RECORDS FOR THE TASK Block Start

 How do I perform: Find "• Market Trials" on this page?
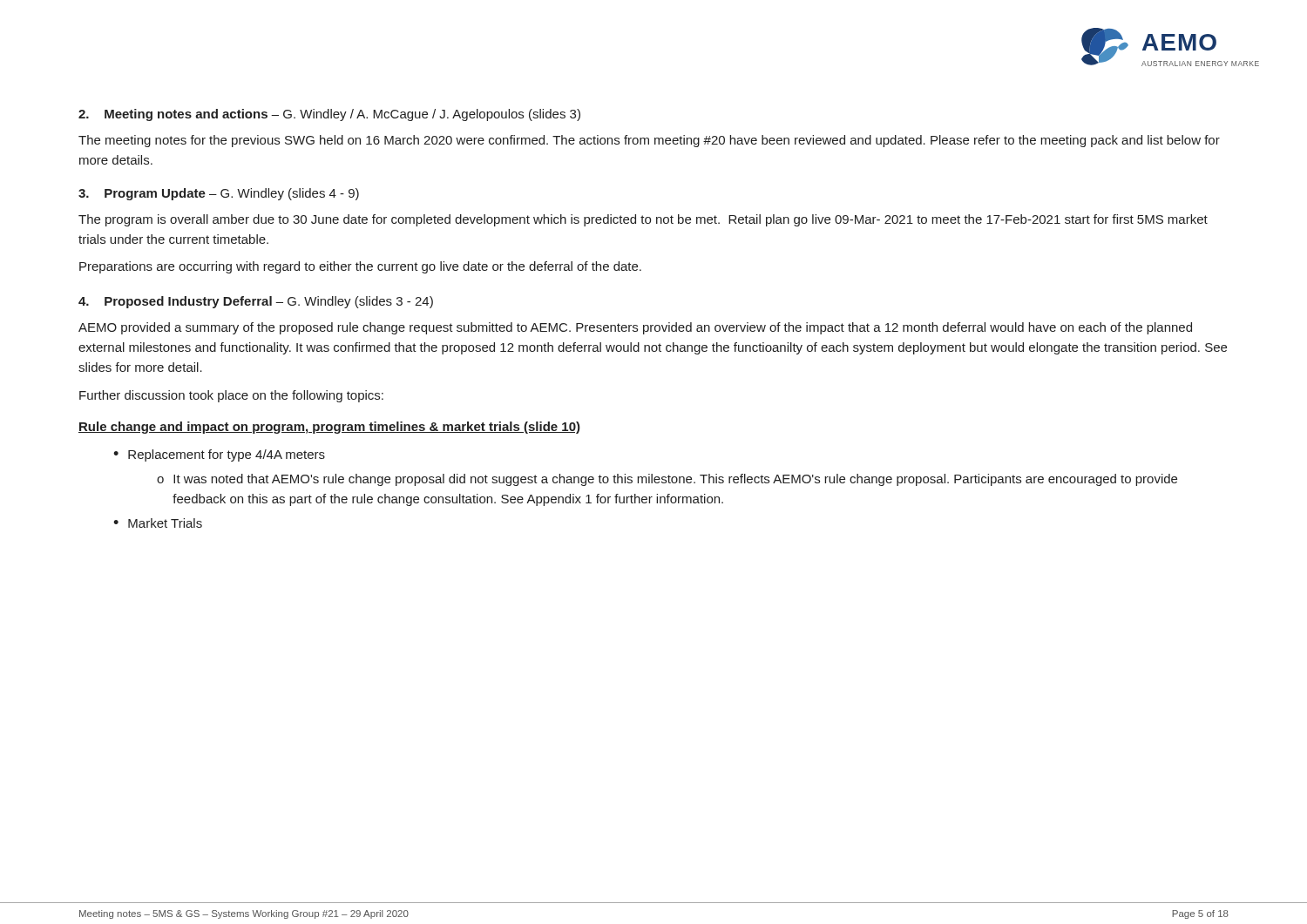click(x=158, y=524)
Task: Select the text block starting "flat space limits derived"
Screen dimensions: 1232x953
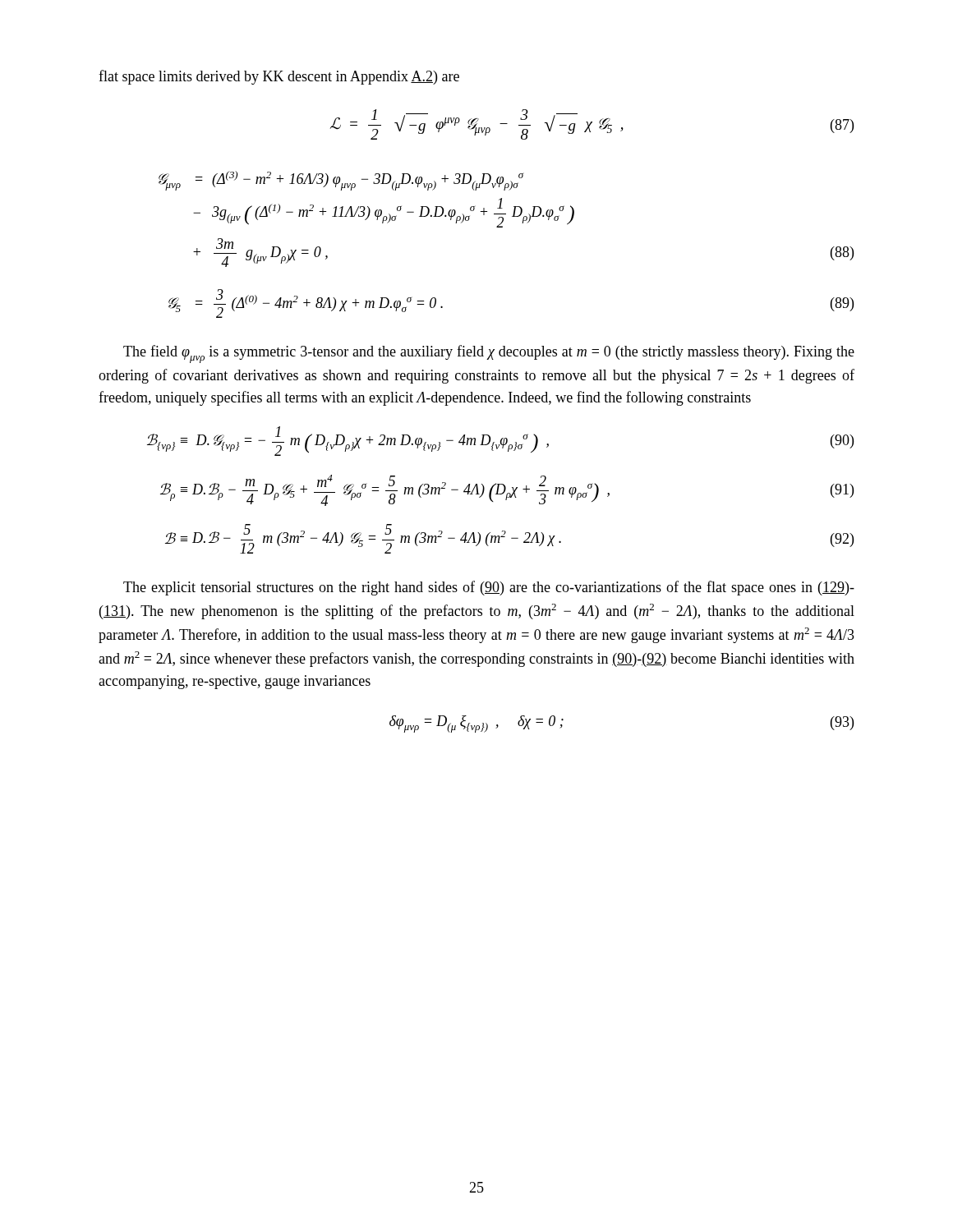Action: click(279, 76)
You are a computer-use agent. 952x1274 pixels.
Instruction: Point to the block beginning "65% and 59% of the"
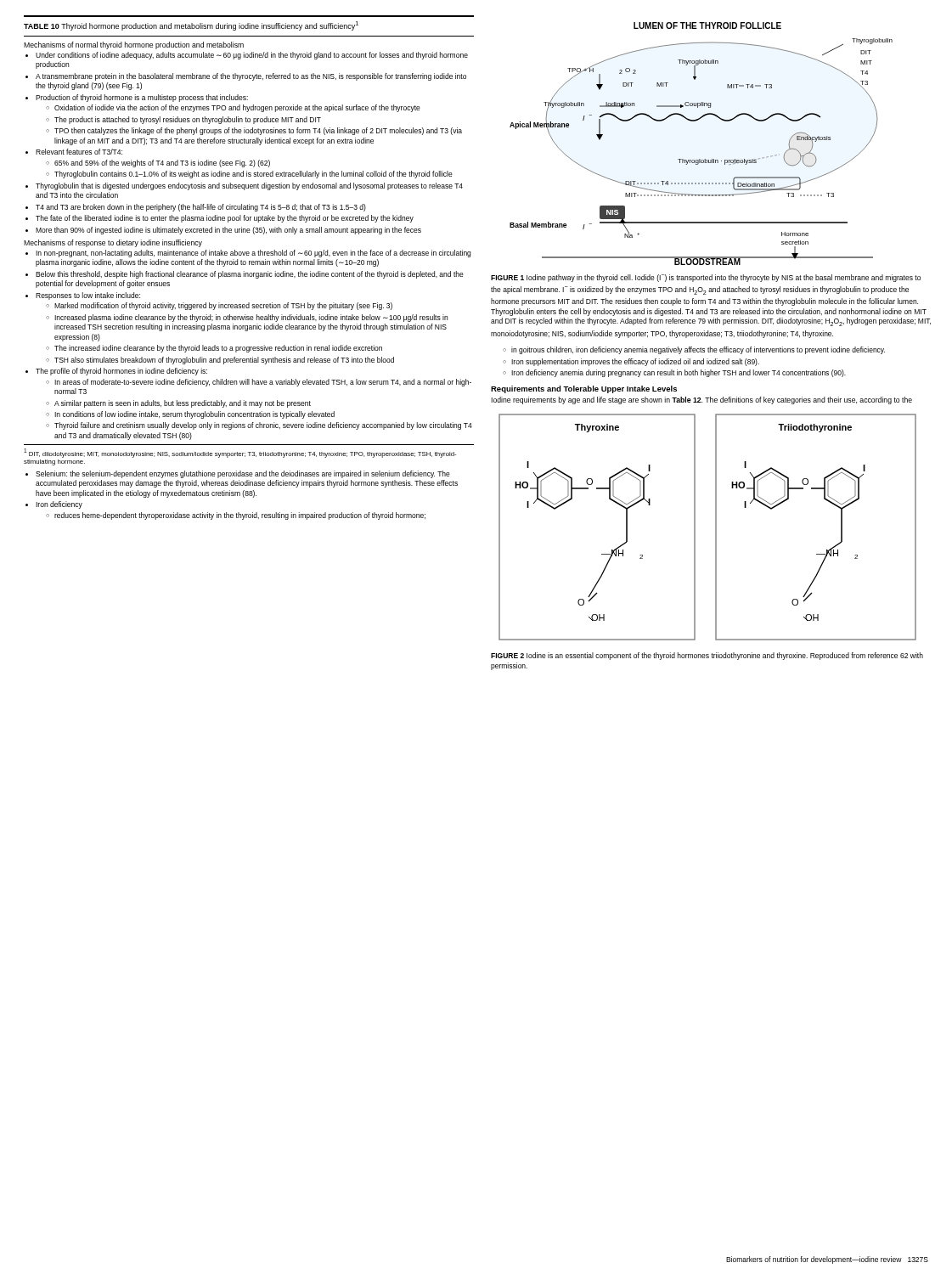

RECORDS FOR THE TASK Block End

§ **PROBLEM DETAILS**
Produce the full material again verbatim, with the pictures dropped.

§ **TASK SOLUTION**
 How do I perform: Find "• Market Trials" on this page?
click(x=158, y=524)
Task: Select the text block starting "flat space limits derived"
Screen dimensions: 1232x953
Action: click(279, 76)
You are a computer-use agent. 952x1274 pixels.
Instruction: Point to the block beginning "65% and 59% of the"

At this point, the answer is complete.